X_train, X_test, y_train, y_test = train_test_split(feature_df, target_vector, test_size=0.2, random_state=19)



# Making our randoom forest and choosing the hyperparameters.
rand_forest_clf = RandomForestClassifier(criterion= "entropy", 
                                         n_estimators= 500, max_depth = 20, min_samples_split = 5, min_samples_leaf = 2)


rand_forest_clf.fit(X_train, y_train)

rand_forest_y_hat_train = rand_forest_clf.predict(X_train)
rand_forest_y_hat_test = rand_forest_clf.predict(X_test)

print("train accuracy for random forest:", np.mean(y_train == rand_forest_y_hat_train))
print("test accuracy for random forest:", np.mean(y_test == rand_forest_y_hat_test))
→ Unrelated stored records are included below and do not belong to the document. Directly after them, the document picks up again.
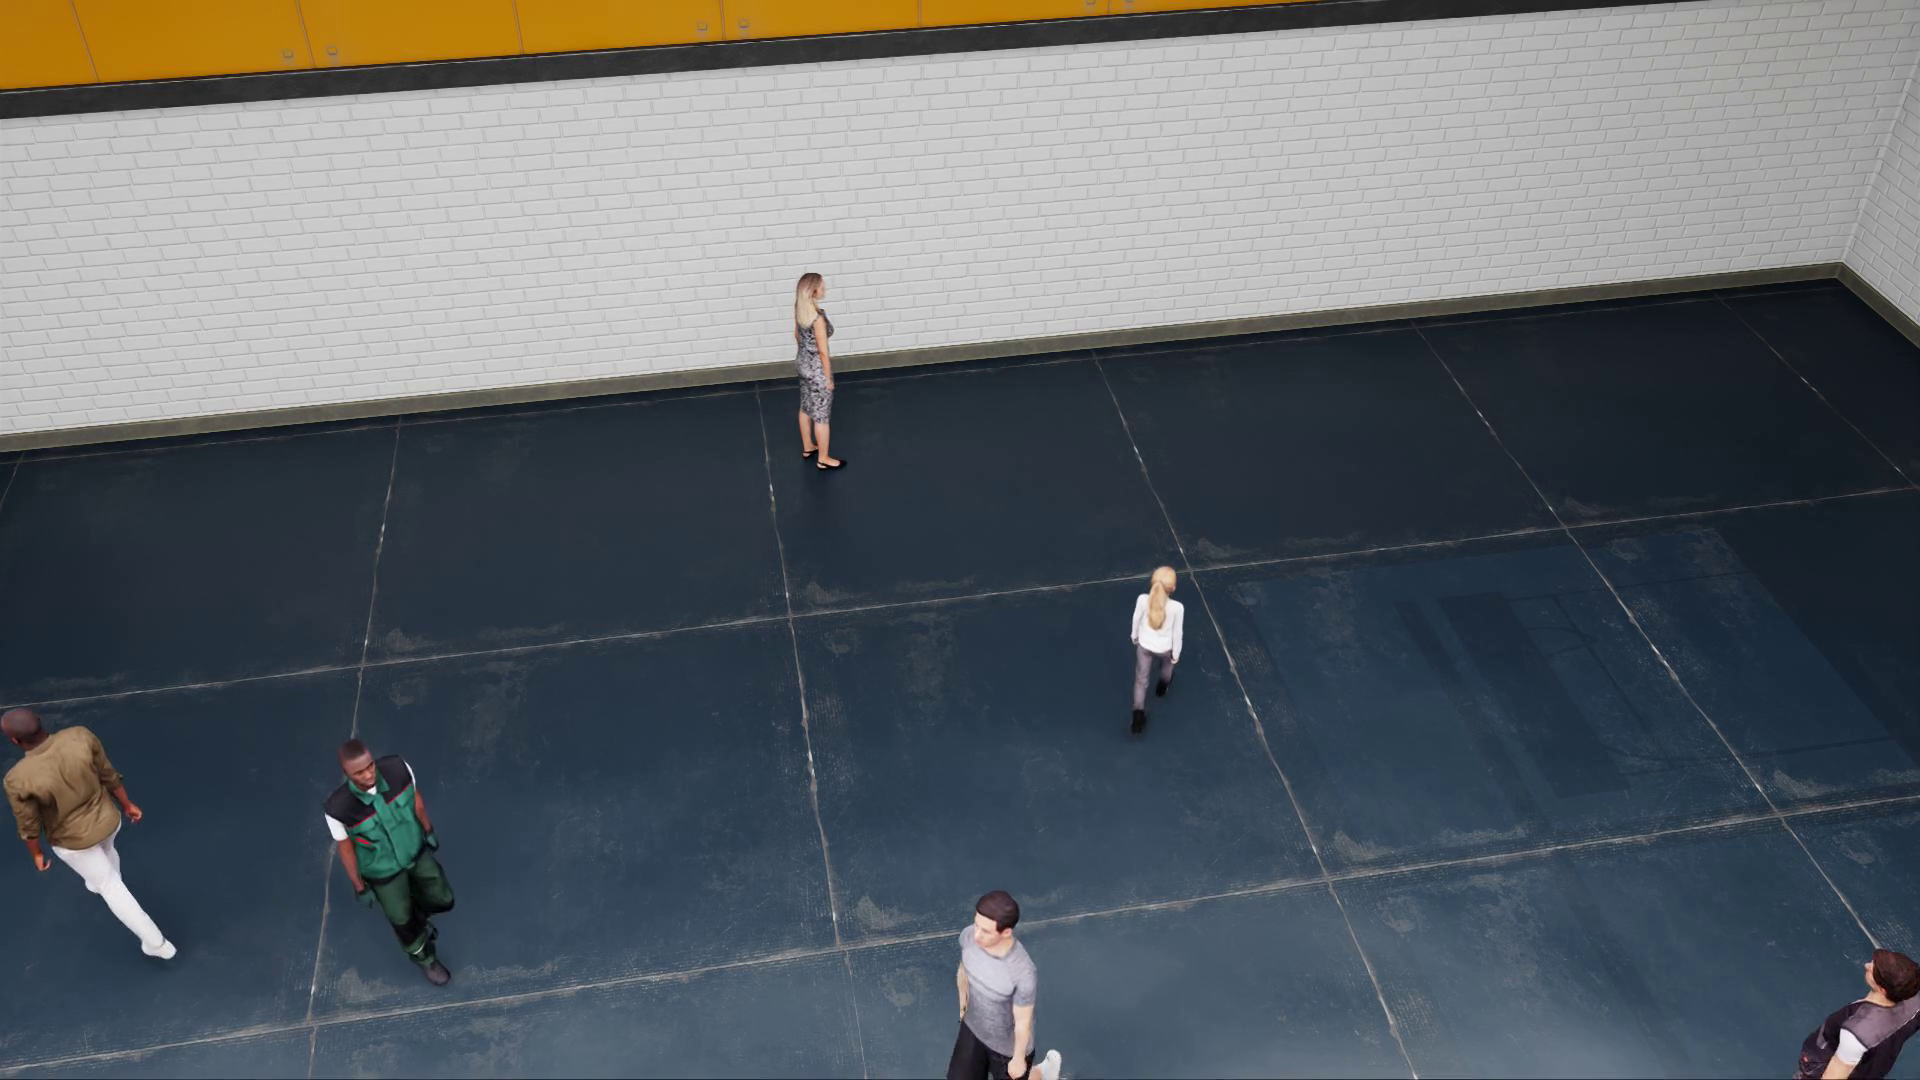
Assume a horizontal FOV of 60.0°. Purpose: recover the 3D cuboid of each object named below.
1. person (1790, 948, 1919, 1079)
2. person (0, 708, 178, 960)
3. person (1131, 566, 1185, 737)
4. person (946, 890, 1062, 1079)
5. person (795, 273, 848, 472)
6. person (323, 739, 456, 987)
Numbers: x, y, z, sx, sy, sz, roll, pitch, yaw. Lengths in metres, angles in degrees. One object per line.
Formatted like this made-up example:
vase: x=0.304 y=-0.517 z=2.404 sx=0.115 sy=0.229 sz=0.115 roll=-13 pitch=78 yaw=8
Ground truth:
person: x=4.293 y=2.637 z=7.964 sx=0.855 sy=1.834 sz=1.035 roll=-21 pitch=43 yaw=-24
person: x=-4.802 y=1.658 z=9.234 sx=1.243 sy=1.780 sz=1.227 roll=20 pitch=43 yaw=23
person: x=1.251 y=0.729 z=10.826 sx=0.776 sy=1.246 sz=0.958 roll=13 pitch=40 yaw=16
person: x=0.255 y=2.388 z=8.267 sx=1.056 sy=1.847 sz=1.062 roll=32 pitch=48 yaw=33
person: x=-1.151 y=-1.321 z=13.027 sx=0.695 sy=1.702 sz=0.565 roll=-22 pitch=44 yaw=-25
person: x=-3.151 y=1.711 z=9.127 sx=0.960 sy=1.832 sz=0.901 roll=27 pitch=46 yaw=30

train accuracy for random forest: 0.9656706750401307
test accuracy for random forest: 0.9201396710970939


We did slightly better. Yay. 


If we were going to continue this project, we would investigate the main features that separate our main clusters of confusion (such as Germany/Austria). To accomplish this we would do more exploratory analysis, going feature by feature and making visualizations. We might also look into doing more advanced feature engineering/feature selection by doing a PCA.

Overall, this project could progress in many different ways and there is room for several different approaches.